That last dgemm example was a 2.5x difference.

Broadly, I see about a 2x performance improvement from MKL over OpenBLAS (of course, only on the actual BLAS/LAPACK operations!).
That is consistent with MKL supporting avx512 while OpenBLAS doesn’t really. Temperatures and observed clock speeds support that to (ie, you can set avx2 and avx512 clock offsets in the bios; the CPU runs at avx512 speeds while using MKL but runs at avx2 speeds while using OpenBLAS).

1 Like

They are certainly very different benchmarks and my comments largely based on the experience with R (as that’s what I’m familiar with). The R benchmark covers a variety of functions, not all will require BLAS. R is also single threaded where it is calling out to BLAS itself that allows that to use multiple threads to provide most of the performance benefit over the default. I would estimate the computation time (1 Thread) towards ~1.5s in R and ~22s in BLAS. BLAS using threading cuts it down to 1s meaning it spends more time outside of BLAS than in it. The more threads you throw at it, the more irrelevant the BLAS performance becomes.

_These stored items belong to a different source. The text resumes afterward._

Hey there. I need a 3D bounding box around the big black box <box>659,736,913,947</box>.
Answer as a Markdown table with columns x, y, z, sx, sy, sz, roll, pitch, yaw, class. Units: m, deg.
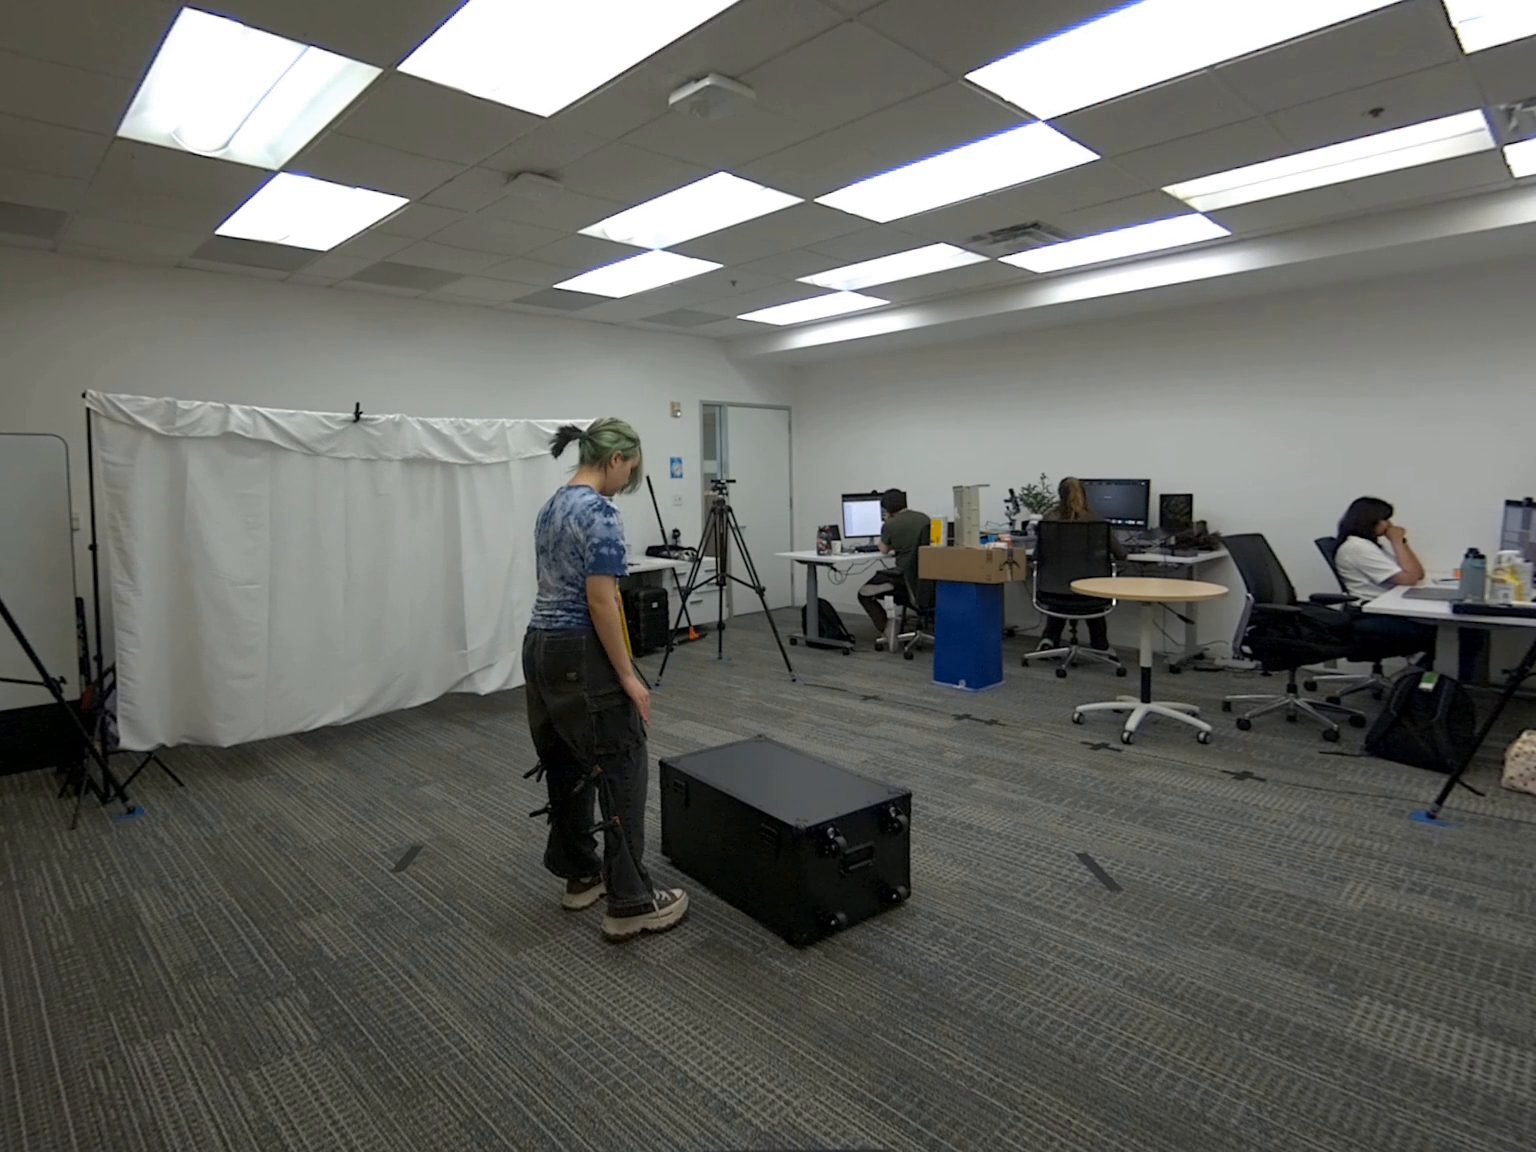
| x | y | z | sx | sy | sz | roll | pitch | yaw | class |
| --- | --- | --- | --- | --- | --- | --- | --- | --- | --- |
| 0.057 | 0.875 | 2.933 | 0.508 | 0.395 | 0.887 | -6 | 7 | -38 | big black box |
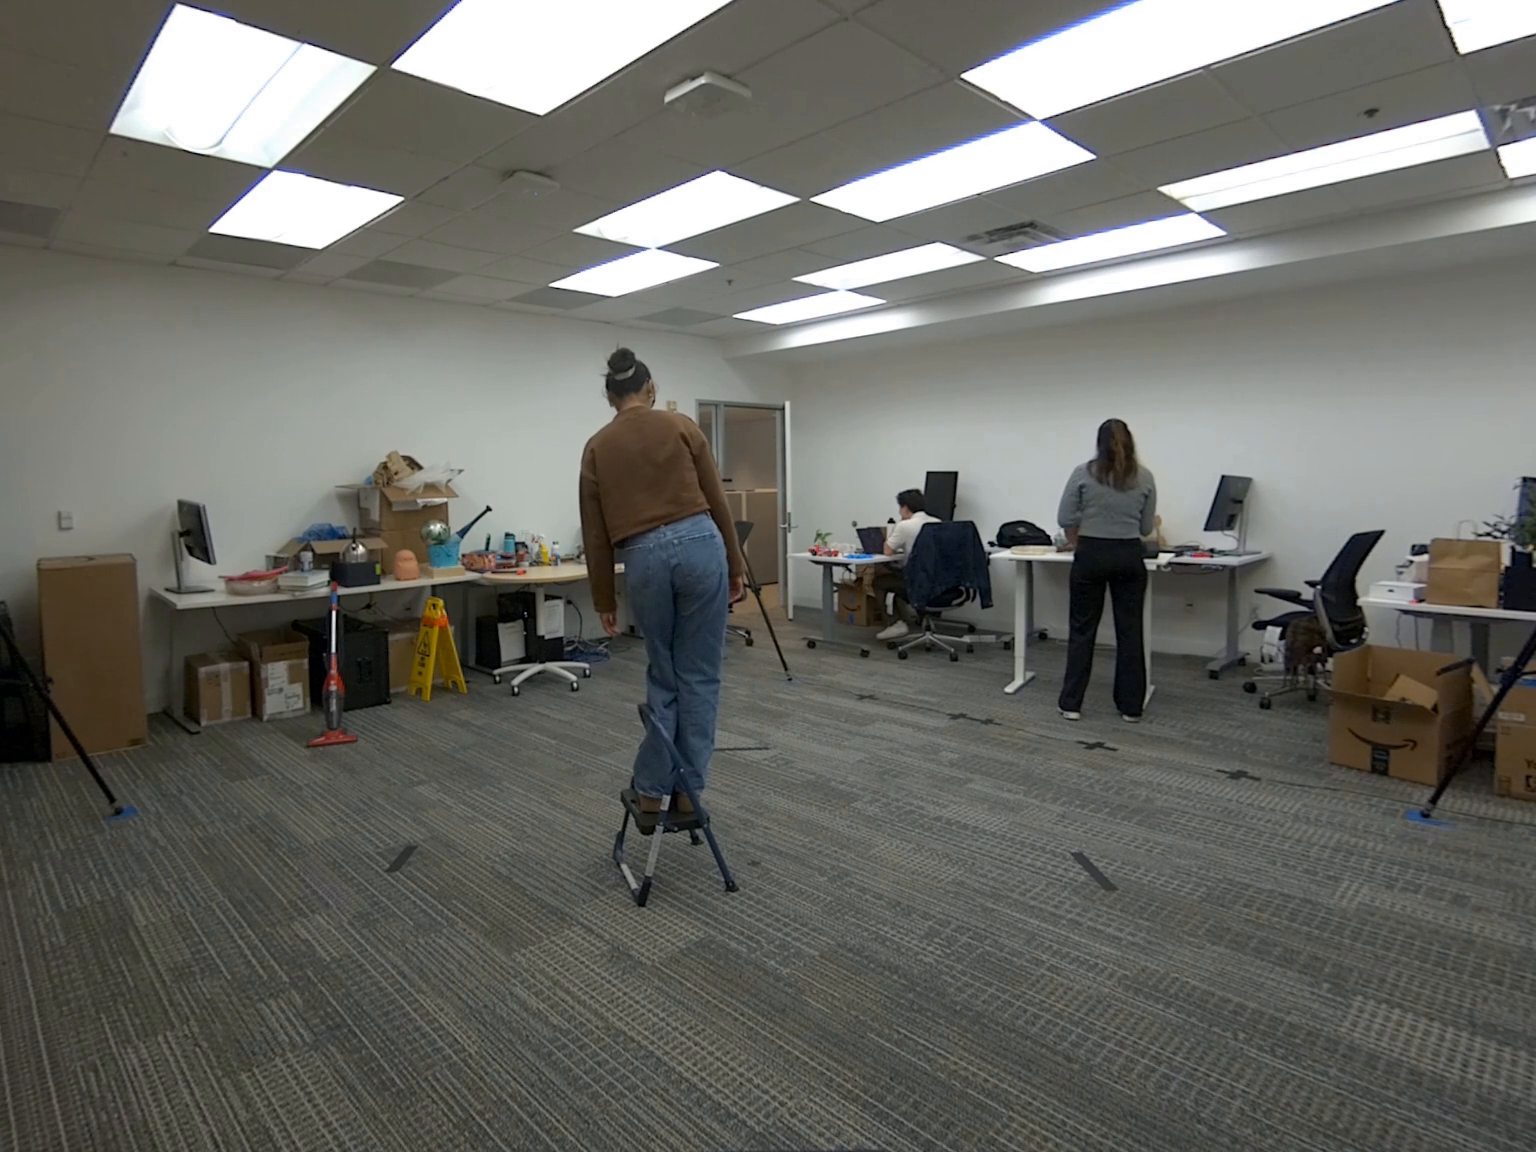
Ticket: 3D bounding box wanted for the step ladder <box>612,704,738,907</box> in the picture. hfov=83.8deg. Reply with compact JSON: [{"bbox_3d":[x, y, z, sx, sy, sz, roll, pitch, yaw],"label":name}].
[{"bbox_3d":[-0.345,0.759,3.027,0.343,0.604,0.440,-3,5,-22],"label":"step ladder"}]
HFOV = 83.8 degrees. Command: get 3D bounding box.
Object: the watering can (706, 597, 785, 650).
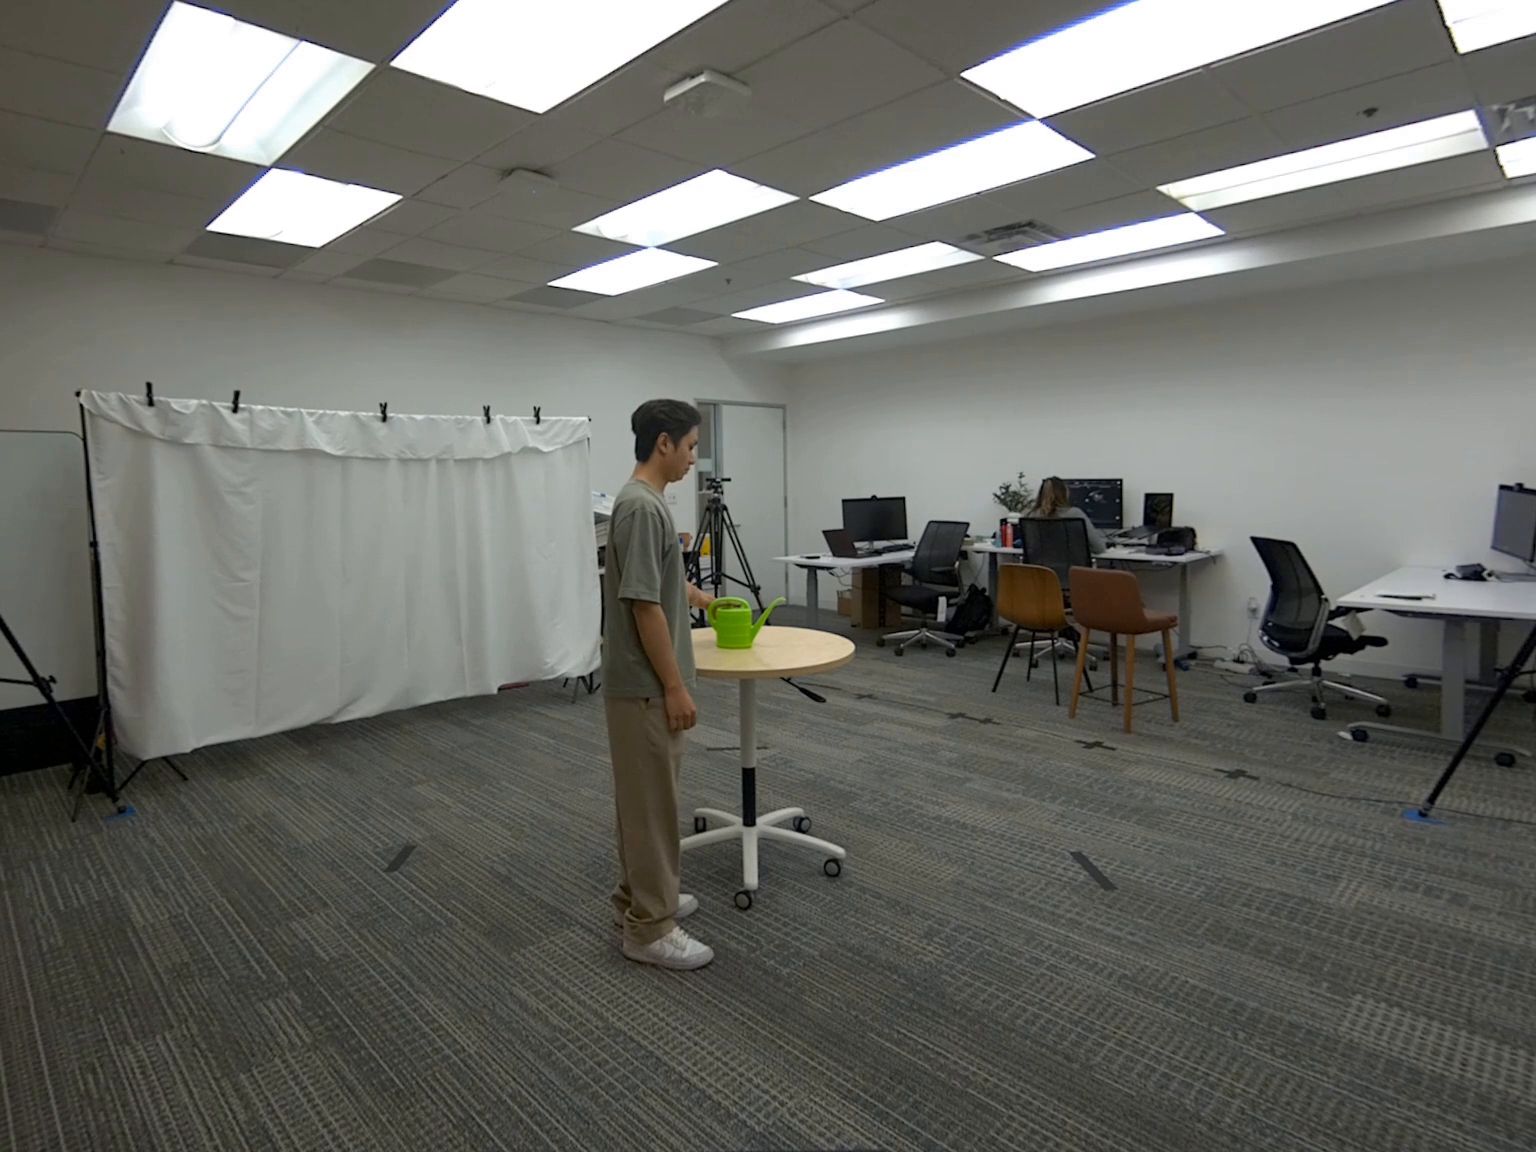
[{"bbox_3d":[-0.079,0.172,3.011,0.286,0.176,0.095,3,6,37],"label":"watering can"}]
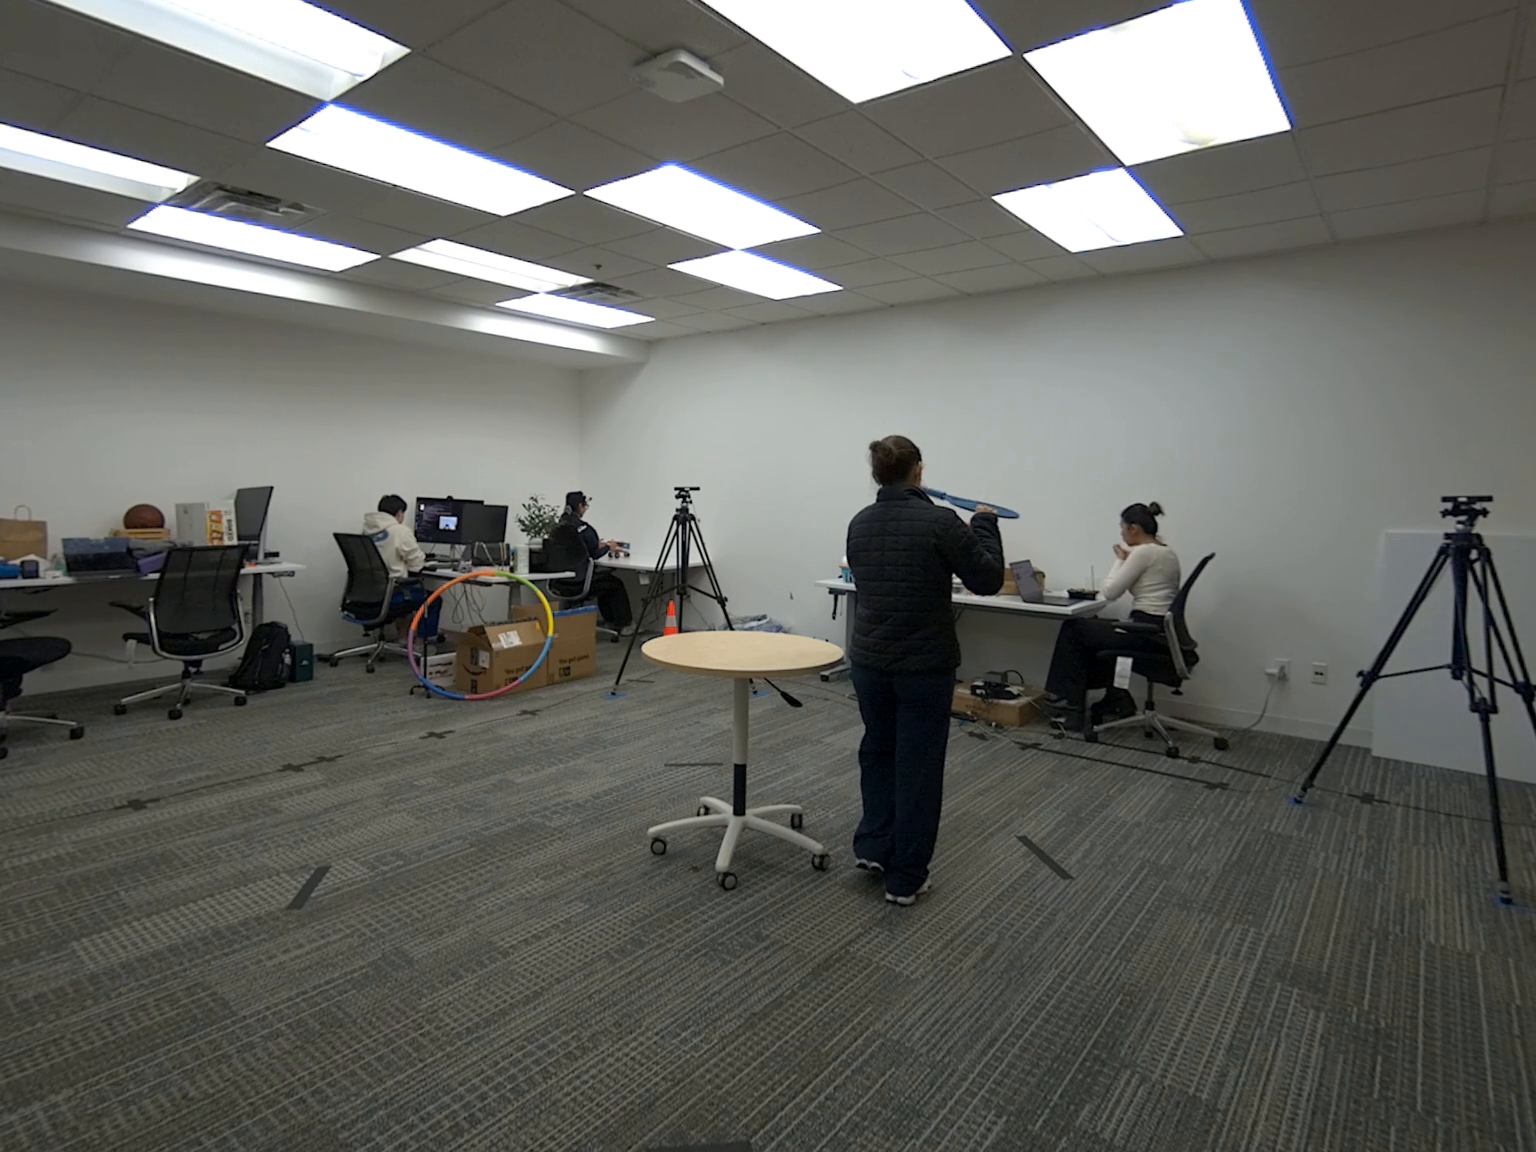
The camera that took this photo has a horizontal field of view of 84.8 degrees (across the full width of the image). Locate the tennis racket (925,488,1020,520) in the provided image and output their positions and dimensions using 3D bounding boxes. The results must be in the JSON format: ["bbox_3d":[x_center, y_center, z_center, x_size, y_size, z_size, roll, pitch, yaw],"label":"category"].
[{"bbox_3d":[0.743,-0.271,3.152,0.207,0.031,0.450,-1,19,-33],"label":"tennis racket"}]
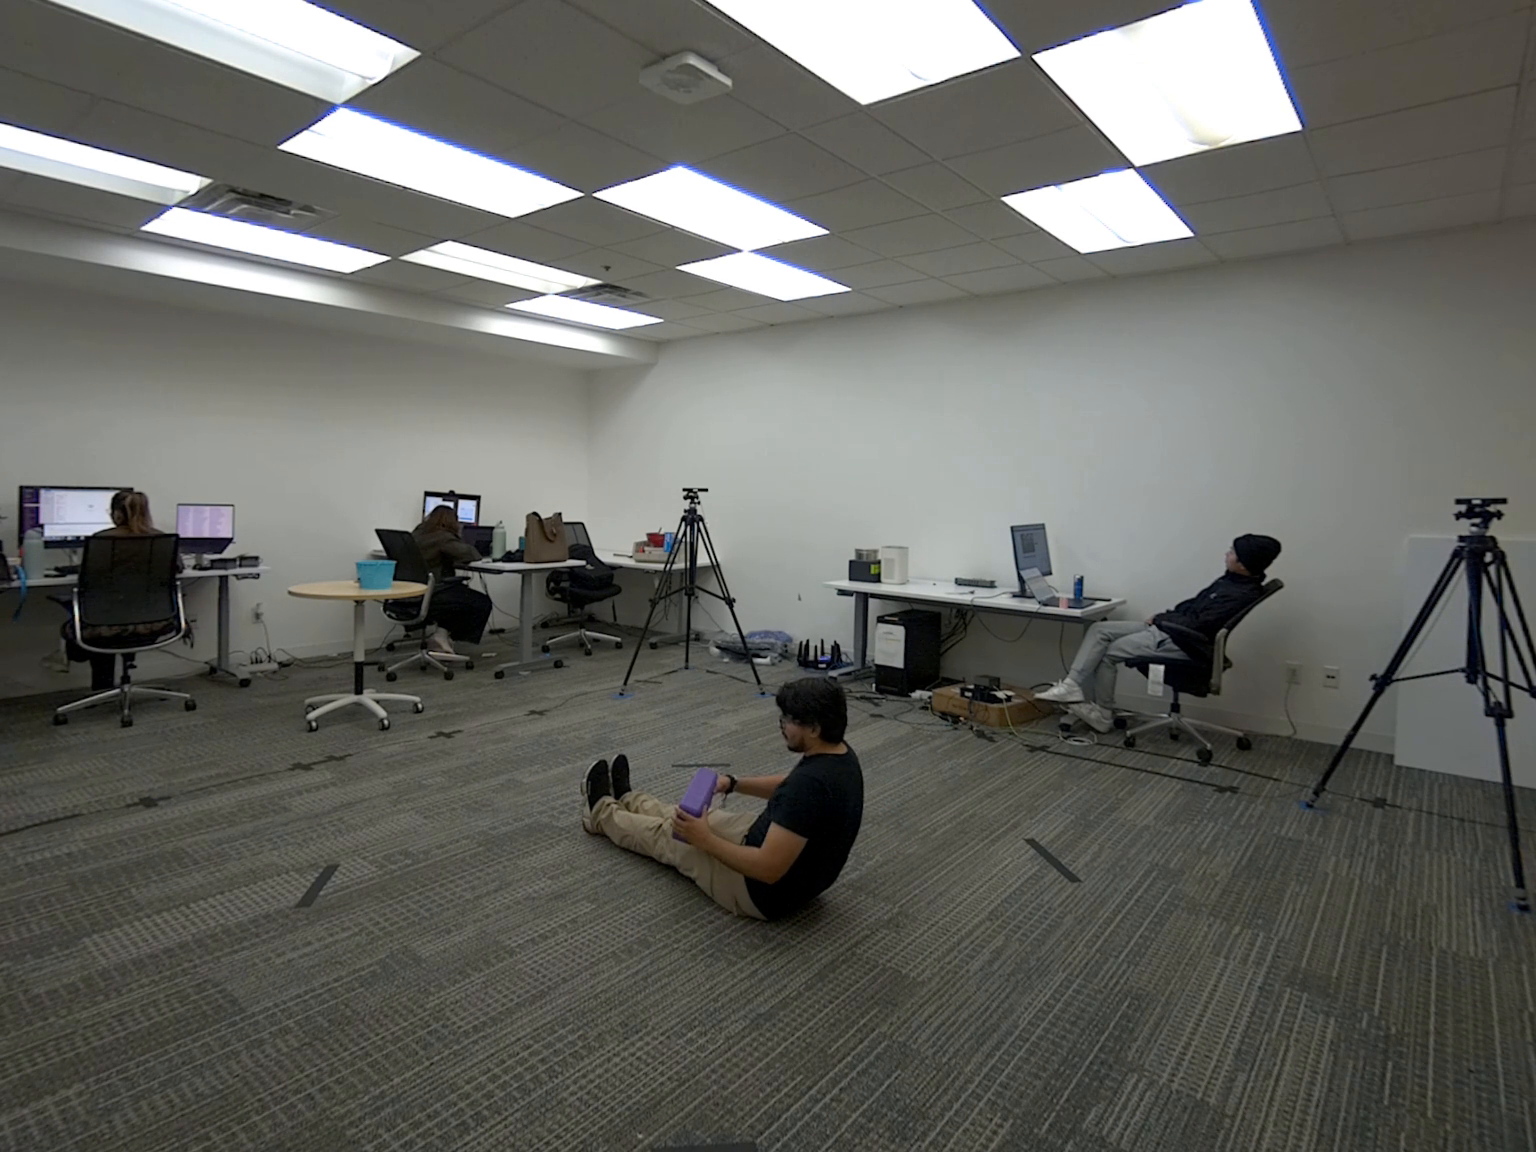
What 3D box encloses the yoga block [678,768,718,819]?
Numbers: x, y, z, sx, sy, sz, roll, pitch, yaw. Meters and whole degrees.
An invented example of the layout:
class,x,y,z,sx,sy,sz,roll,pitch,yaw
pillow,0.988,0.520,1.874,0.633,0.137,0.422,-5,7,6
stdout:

The full integration of R in CL with PGO build will certainly help it reduce the time in R, where the MKL benchmark was using a self compiled build (which may be slower in the non-BLAS parts).

For the performance difference to matter, it would need to be a sufficiently large dataset. If performance is crucial you would probably want to use a different program altogether!

1 Like